CHDN jumped more than 10% the day of its earnings report. Prior to the report, the stock was trading near its 52‑week low, which suggests investors may have seen the floor — but what’s the ceiling?
Analysts give CHDN a consensus price target of $135.60, implying about 35% upside. With that much potential, it’s fair to ask whether the Preakness IP rights are enough to push price targets higher.
Churchill Downs operates across four revenue streams: Live Racing, Historical Racing Machines, its TwinSpires wagering platform, and traditional casino gaming. Of these, Live Racing and Gaming don’t move the needle enough to build a standalone growth case — casino revenue actually declined year over year in Q1, weighed down by the exit from Louisiana. TwinSpires, which handles online and retail horse-racing wagering plus sports betting, is a steady contributor but not a high-growth engine.
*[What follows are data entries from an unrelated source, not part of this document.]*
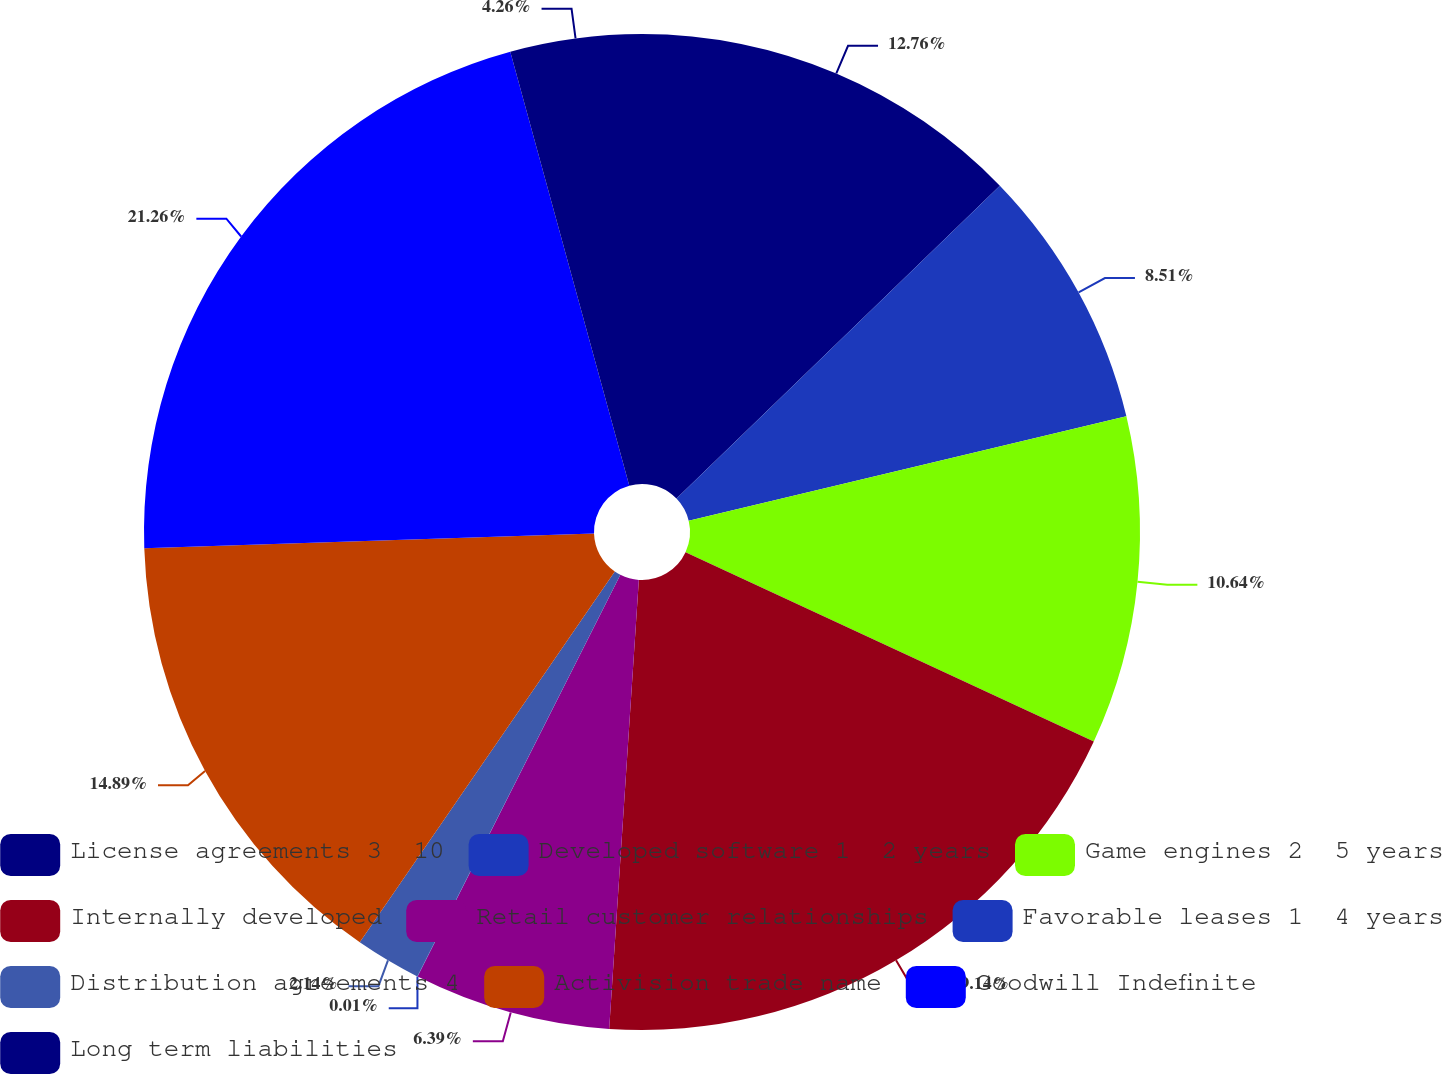Convert chart to OTSL. <chart><loc_0><loc_0><loc_500><loc_500><pie_chart><fcel>License agreements 3 ­ 10<fcel>Developed software 1 ­ 2 years<fcel>Game engines 2 ­ 5 years<fcel>Internally developed<fcel>Retail customer relationships<fcel>Favorable leases 1 ­ 4 years<fcel>Distribution agreements 4<fcel>Activision trade name<fcel>Goodwill Indefinite<fcel>Long term liabilities<nl><fcel>12.76%<fcel>8.51%<fcel>10.64%<fcel>19.14%<fcel>6.39%<fcel>0.01%<fcel>2.14%<fcel>14.89%<fcel>21.26%<fcel>4.26%<nl></chart> 
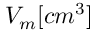Convert formula to latex. <formula><loc_0><loc_0><loc_500><loc_500>V _ { m } [ c m ^ { 3 } ]</formula> 
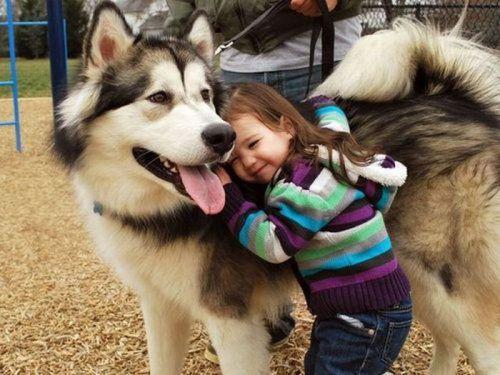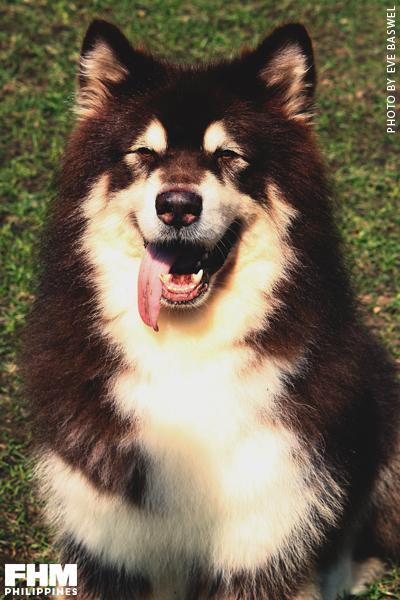The first image is the image on the left, the second image is the image on the right. Considering the images on both sides, is "The right image contains one human interacting with at least one dog." valid? Answer yes or no. No. The first image is the image on the left, the second image is the image on the right. For the images displayed, is the sentence "The combined images include at least two husky dogs, with at least one black-and-white, and one standing with tongue out and a man kneeling behind it." factually correct? Answer yes or no. No. 
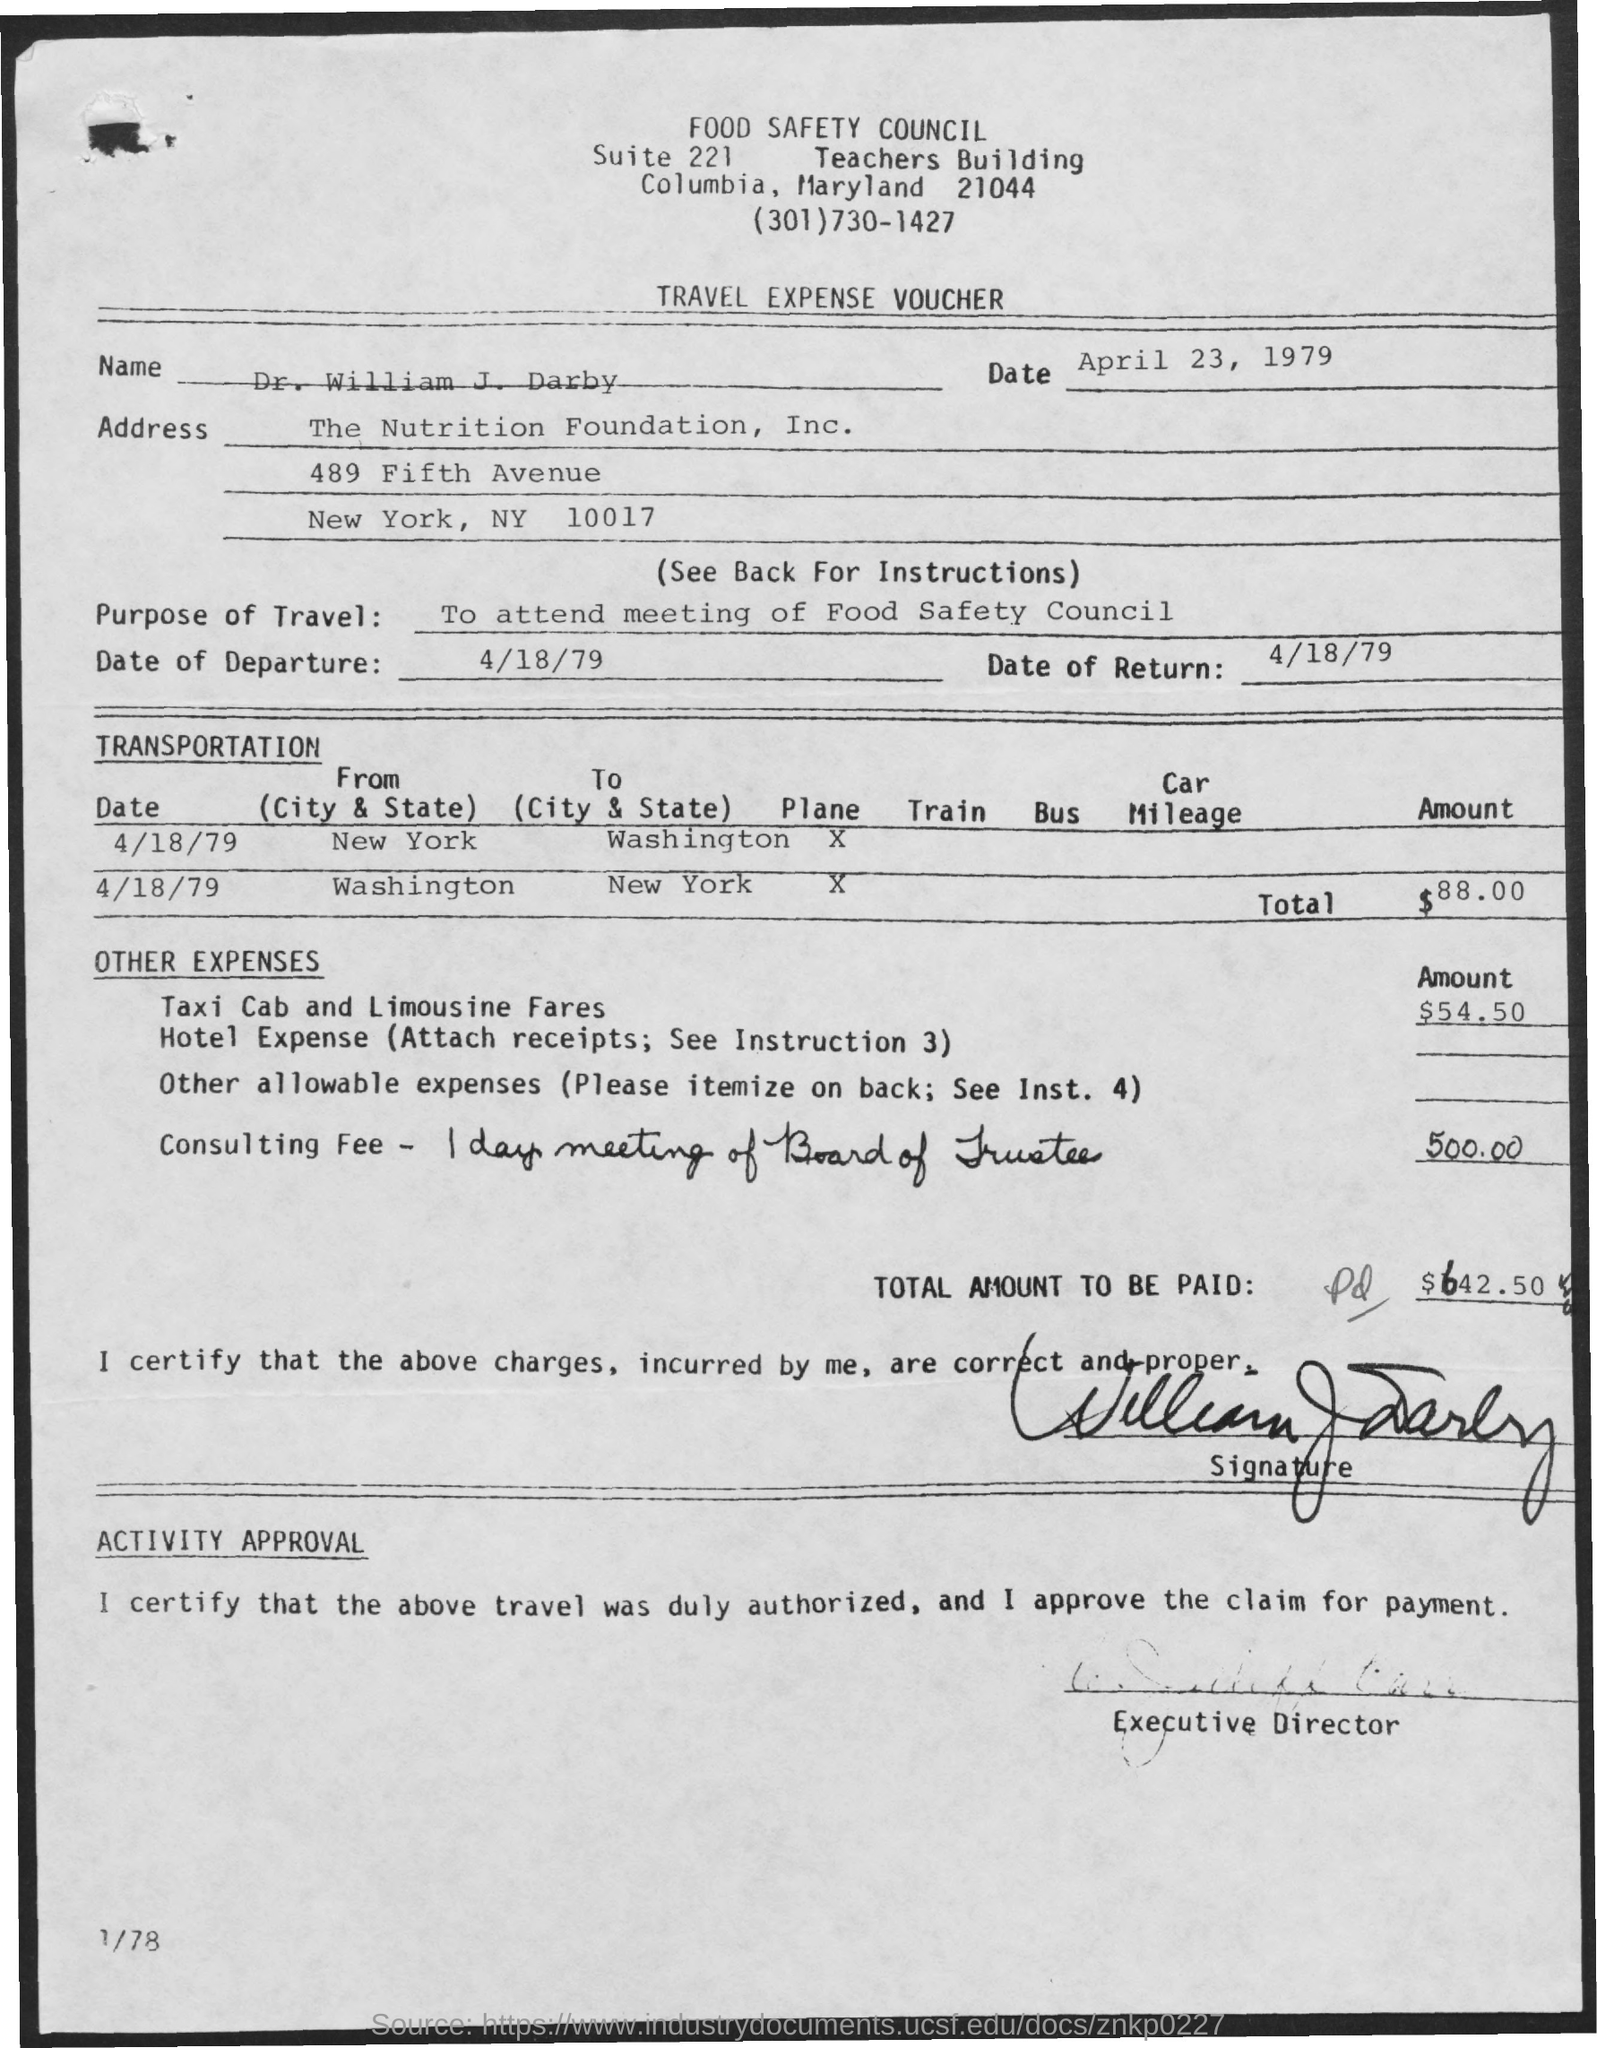What type of Voucher this ?
Provide a succinct answer. TRAVEL EXPENSE VOUCHER. What is the date mentioned in the top of the document ?
Make the answer very short. April 23, 1979. What is the date of Departure ?
Provide a succinct answer. 4/18/79. What is the Return Date ?
Provide a succinct answer. 4/18/79. What is written in the top of the document ?
Your answer should be compact. FOOD SAFETY COUNCIL. 
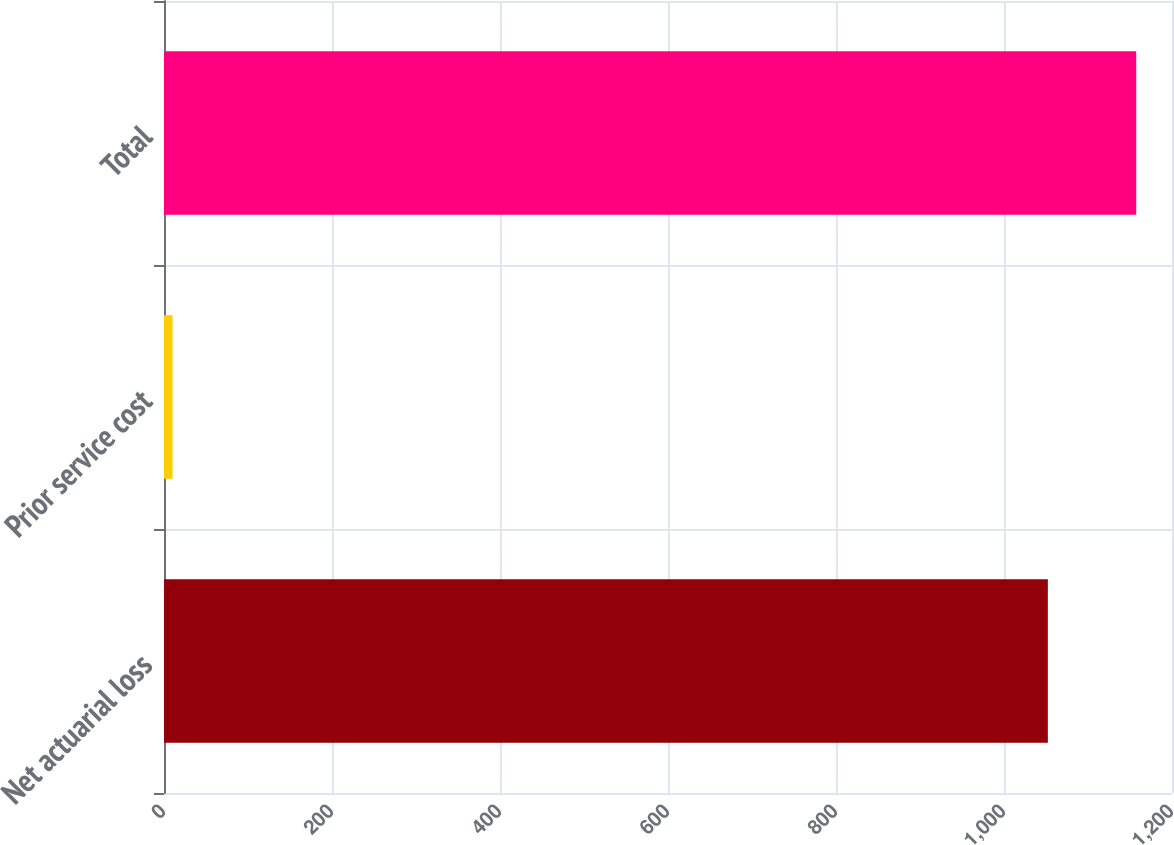Convert chart to OTSL. <chart><loc_0><loc_0><loc_500><loc_500><bar_chart><fcel>Net actuarial loss<fcel>Prior service cost<fcel>Total<nl><fcel>1052.2<fcel>10.1<fcel>1157.42<nl></chart>

That places the growth burden squarely on HRMs, a business that delivered $257 million in pari‑mutuel revenue in Q1 alone and is actively expanding into new states. The Preakness IP acquisition adds an intriguing wrinkle: if it accelerates HRM legalization in Maryland, as some analysts expect, Churchill Downs’ most important growth driver just gained new runway.
Back to the chart: CHDN was in a cautious recovery after a steep selloff from a December 2025 peak near $120. That decline produced a death cross, with the 50‑day simple moving average crossing below the 200‑day SMA.
Price action reclaimed the 200‑day SMA the day of the report — a meaningful move in a single session, especially with a fundamental catalyst. The key will be whether CHDN can consolidate around the 200‑day SMA near $92–$93. That could set the stage for a golden cross in a matter of weeks. Waiting for that confirmation may be prudent, but risk‑tolerant investors may consider initiating a position at these levels.